Scalability Testing and Tuning

Determining the scalability of your cloud and how to improve it requires balancing many variables. There are several aspects that can limit the scalability of a cloud from the storage to the network backend, and no one solution meets everyone’s scalability goals. This guide firstly presents the scale limits of a single OpenNebula instance (single zone), and then provides some recommendations to tune your deployment for large scale.

The general recommendation is to have no more than 2,500 servers and 10,000 VMs managed by a single instance. Better performance and higher scalability can be achieved with specific tuning of other components like the DB, or better hardware. In any case, to grow the size of your cloud beyond these limits, you can horizontally scale your cloud by adding new OpenNebula zones within a federated deployment. The largest OpenNebula deployment consists of 16 data center and 300,000 cores.

Scalability Testing

Front-end (oned) Scalability

This section focuses on the scale limits of oned, the controller component, for a single OpenNebula zone. The limits recommended here are associated to a given API load; you may consider to reduce or increase the limits based on your actual API requests. Notice that the maximum number of servers (virtualization hosts) that can be managed by a single OpenNebula instance strongly depends on the performance and scalability of the underlying platform infrastructure, mainly the storage subsystem. The following results have been obtained with synthetic workloads that stress oned running on a physical server with the following specifications:

CPU model: Intel(R) Atom(TM) CPU C2550 @ 2.40GHz, 4 cores, no HT
RAM: 8GB, DDR3, 1600 MT/s, single channel
HDD: INTEL SSDSC2BB150G7
OS: Ubuntu 18.04
OpenNebula: Version 5.8
Database: MariaDB v10.1 with default configurations

In a single zone, OpenNebula (oned) can work with the following limits:

Number of hosts 2,500
Number of VMs 10,000
Average VM template size 7 KB

In production environments, we do not recommend exceeding in the same installation this number of servers (2,500) and VMs (10,000), as well as 30 API load req/s to avoid excessive slowness of the system. Better performance can be achieved with specific tuning of other components like the DB, or better hardware.

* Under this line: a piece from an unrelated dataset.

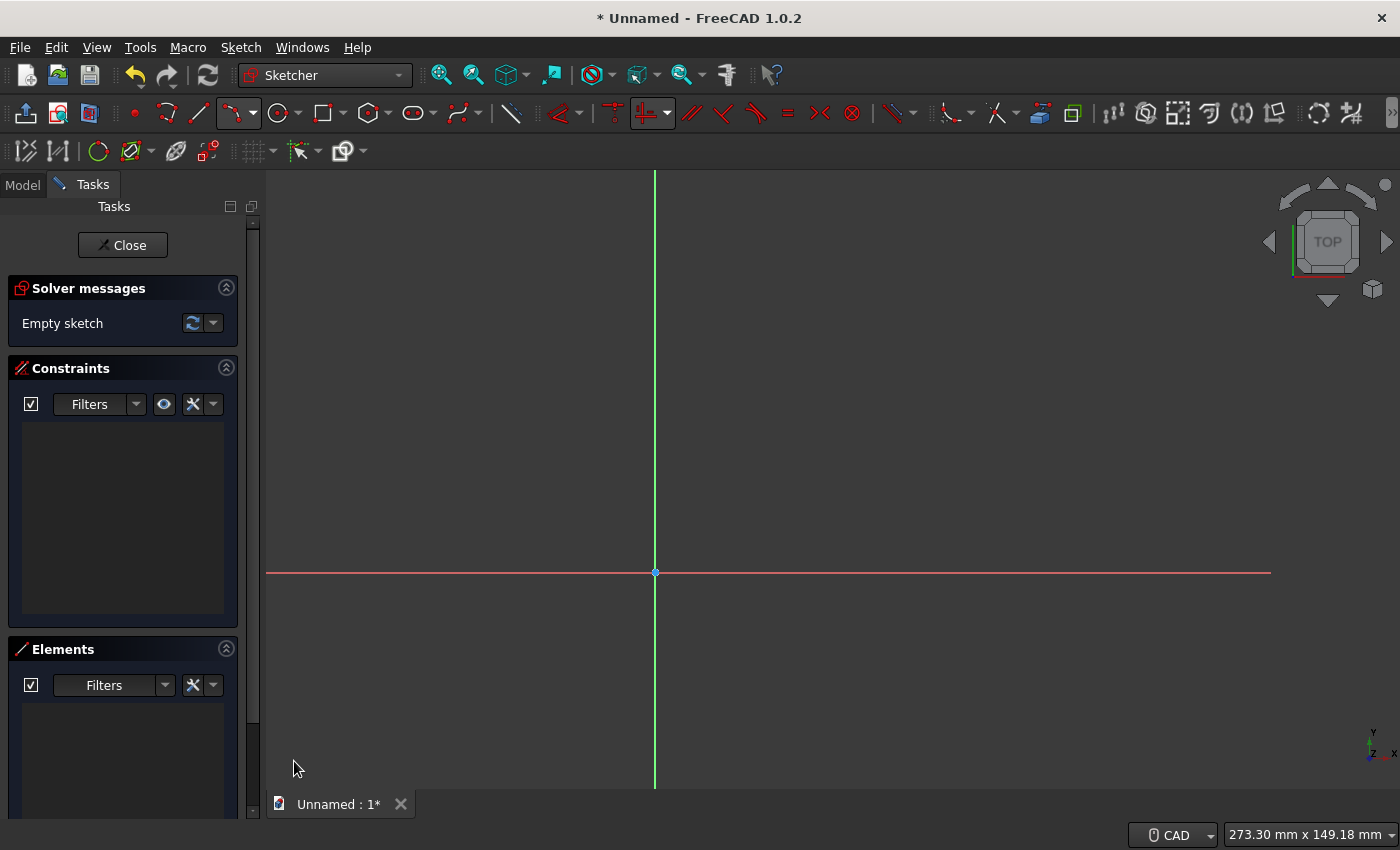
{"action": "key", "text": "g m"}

The four most common API calls were used to stress the core at the same time in approximately the same ratio experienced on real deployments. Total amount of API calls per second used were: 10, 20 and 30. In these conditions, with a host monitoring interval of 20 hosts/second, in a pool with 2,500 hosts and a monitoring period on each host of 125 seconds, the response times in seconds of the oned process for the most common XMLRPC calls are shown below:

Response Time (seconds)
API Call - ratio API Load: 10 req/s API Load: 20 req/s API Load: 30 req/s
host.info (30%) 0.06 0.50 0.54
Hostpool.info (10%) 0.14 0.41 0.43
vm.info (30%) 0.07 0.57 0.51
vmpool.info (30%) 1.23 2.13 4.18

Hypervisor Scalability

The number of VMs (or containers) a virtualization node can run is limited by the monitoring probes. In this section we have evaluated the performance of the monitoring probes for the KVM and LXD drivers. The host specs are the following:

CPU model: Intel(R) Atom(TM) CPU C2550 @ 2.40GHz, 4 cores, no HT
RAM: 8GB, DDR3, 1600 MT/s, single channel
HDD: INTEL SSDSC2BB150G7
OS: Ubuntu 18.04
Hypervisor: Libvirt (4.0), Qemu (2.11), lxd (3.03)

Containers and VMs settings used for monitoring tests:

Hypervisor OS RAM CPU Max. VM/host
KVM None (empty disk) 32MB 0.1 250
LXD Alpine 32MB 0.1 250

Note: 250 instances were deployed for both types of hypervisor because both templates were created with the same capacity requirements. This made allocated resources grow at the same rate so the scheduler instantiated same amount of KVM VMs than LXD containers. It is worth noticing that the overhead on KVM VMs is bigger than on LXD containers, so this last hypervisor technology allows for bigger density when compared to KVM, as shown on this report.

Monitoring times for each type of instance are shown below:

Hypervisor Monitoring time (seconds) per instance
KVM 0.42
LXD 0.1

Note that there may be other factors that limit the number of VMs / containers running in a single host.

Tuning for Large Scale

Monitoring Tuning

In KVM environments, OpenNebula supports two native monitoring systems: ssh-pull and udp-push. The former one, ssh-pull is the default monitoring system for OpenNebula <= 4.2, however from OpenNebula 4.4 onwards, the default monitoring system is the udp-push system. This model is highly scalable and its limit (in terms of number of VMs monitored per second) is bounded to the performance of the server running oned and the database server. Read more in the Monitoring guide.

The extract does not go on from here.